Complete guide for using Synkra AIOX - the AI-Orchestrated System for Full Stack Development.

Version: 2.1.0 Last Updated: 2026-01-28


Quick Start

Prerequisites

Before using AIOX, ensure you have:

  • Node.js version 18.0.0 or higher
  • npm version 8.0.0 or higher
  • Git for version control
  • An AI provider API key (Anthropic, OpenAI, or compatible)

Installation

# New project (Greenfield)
npx aiox-core init my-project

# Existing project (Brownfield)
cd existing-project
npx aiox-core install

First Steps

# Navigate to your project
cd my-project

# List available agents
aiox agents list

# Activate an agent
@dev

# Get help
*help

Core Concepts

Philosophy

"Structure is Sacred. Tone is Flexible."

AIOX provides orchestrated structure while allowing flexibility in communication.
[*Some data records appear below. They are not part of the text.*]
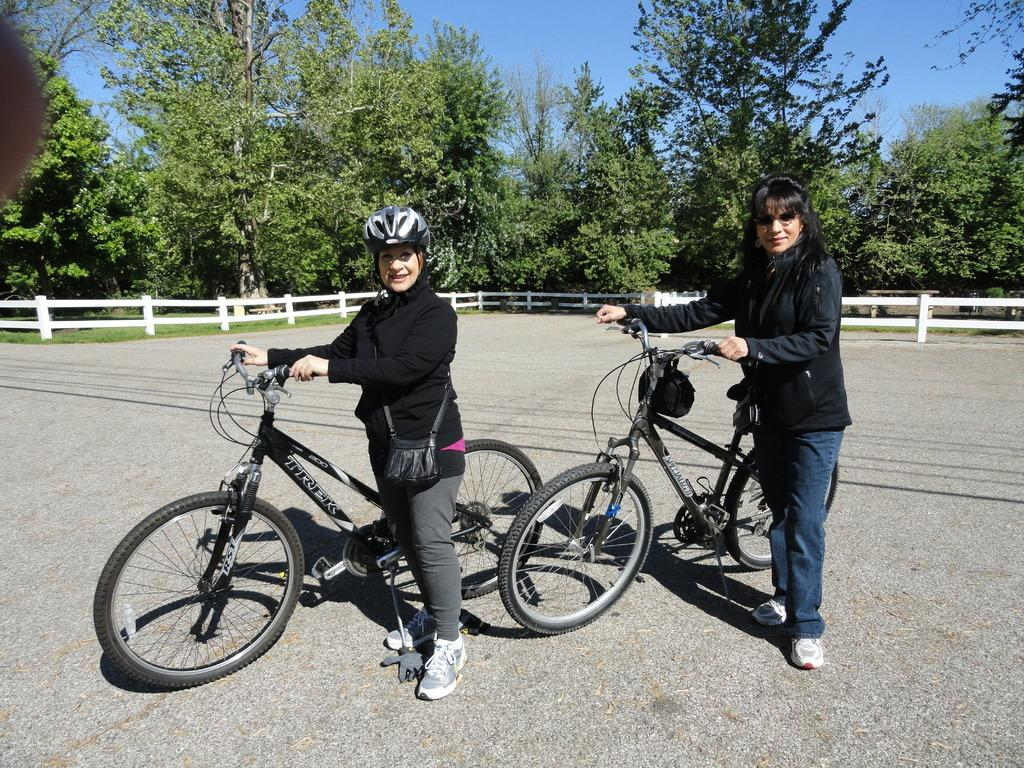Who are the main subjects in the image? There are two ladies in the center of the image. What are the ladies holding in their hands? The ladies are holding bicycles in their hands. What can be seen in the background of the image? There are trees, a boundary, and the sky visible in the background of the image. How many snails can be seen crawling on the boundary in the image? There are no snails visible in the image; the focus is on the two ladies holding bicycles. What type of business is being conducted in the alley in the image? There is no alley or business present in the image. 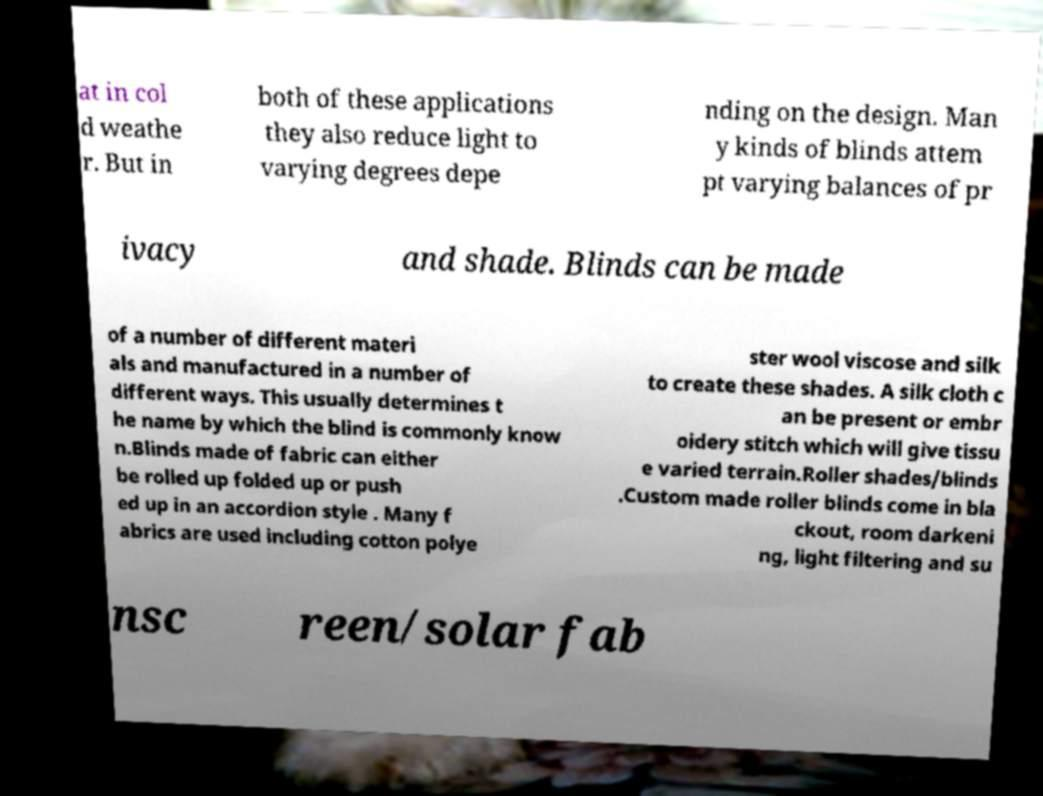Can you read and provide the text displayed in the image?This photo seems to have some interesting text. Can you extract and type it out for me? at in col d weathe r. But in both of these applications they also reduce light to varying degrees depe nding on the design. Man y kinds of blinds attem pt varying balances of pr ivacy and shade. Blinds can be made of a number of different materi als and manufactured in a number of different ways. This usually determines t he name by which the blind is commonly know n.Blinds made of fabric can either be rolled up folded up or push ed up in an accordion style . Many f abrics are used including cotton polye ster wool viscose and silk to create these shades. A silk cloth c an be present or embr oidery stitch which will give tissu e varied terrain.Roller shades/blinds .Custom made roller blinds come in bla ckout, room darkeni ng, light filtering and su nsc reen/solar fab 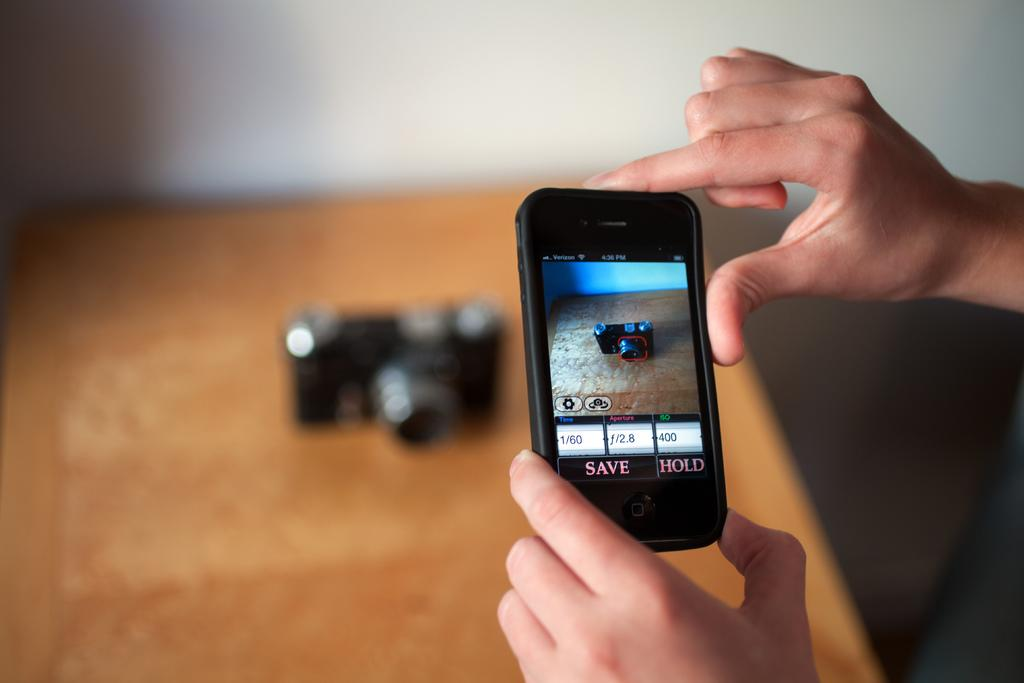<image>
Create a compact narrative representing the image presented. Hands holding a cell phone with a save and hold on it taking a picture of a camera.

This means:

  • Fixed: Template positions, section order, metric formats, file structure, workflows
  • Flexible: Status messages, vocabulary choices, emoji usage, personality, tone

The AIOX Difference

Traditional AI Dev AIOX
Uncoordinated agents 11 specialized agents with clear roles
Inconsistent results Structured workflows with quality gates
Context lost between sessions Persistent memory and learning
Reinventing the wheel Reusable tasks, workflows, and squads

Agents

AIOX includes 11 specialized agents, each with a distinct role and personality:

Agent ID Archetype Responsibility
Dex @dev Builder Code implementation
Quinn @qa Guardian Quality assurance
Aria @architect Architect Technical architecture
Nova @po Visionary Product backlog
Kai @pm Balancer Product strategy
River @sm Facilitator Process facilitation
Zara @analyst Explorer Business analysis
Dara @data-engineer Architect Data engineering
Felix @devops Optimizer CI/CD and operations
Uma @ux-expert Creator User experience
Pax @aiox-master Orchestrator Framework orchestration

Agent Activation

# Activate an agent using @ syntax
@dev                # Activate Dex (Developer)
@qa                 # Activate Quinn (QA)
@architect          # Activate Aria (Architect)
@aiox-master        # Activate Pax (Orchestrator)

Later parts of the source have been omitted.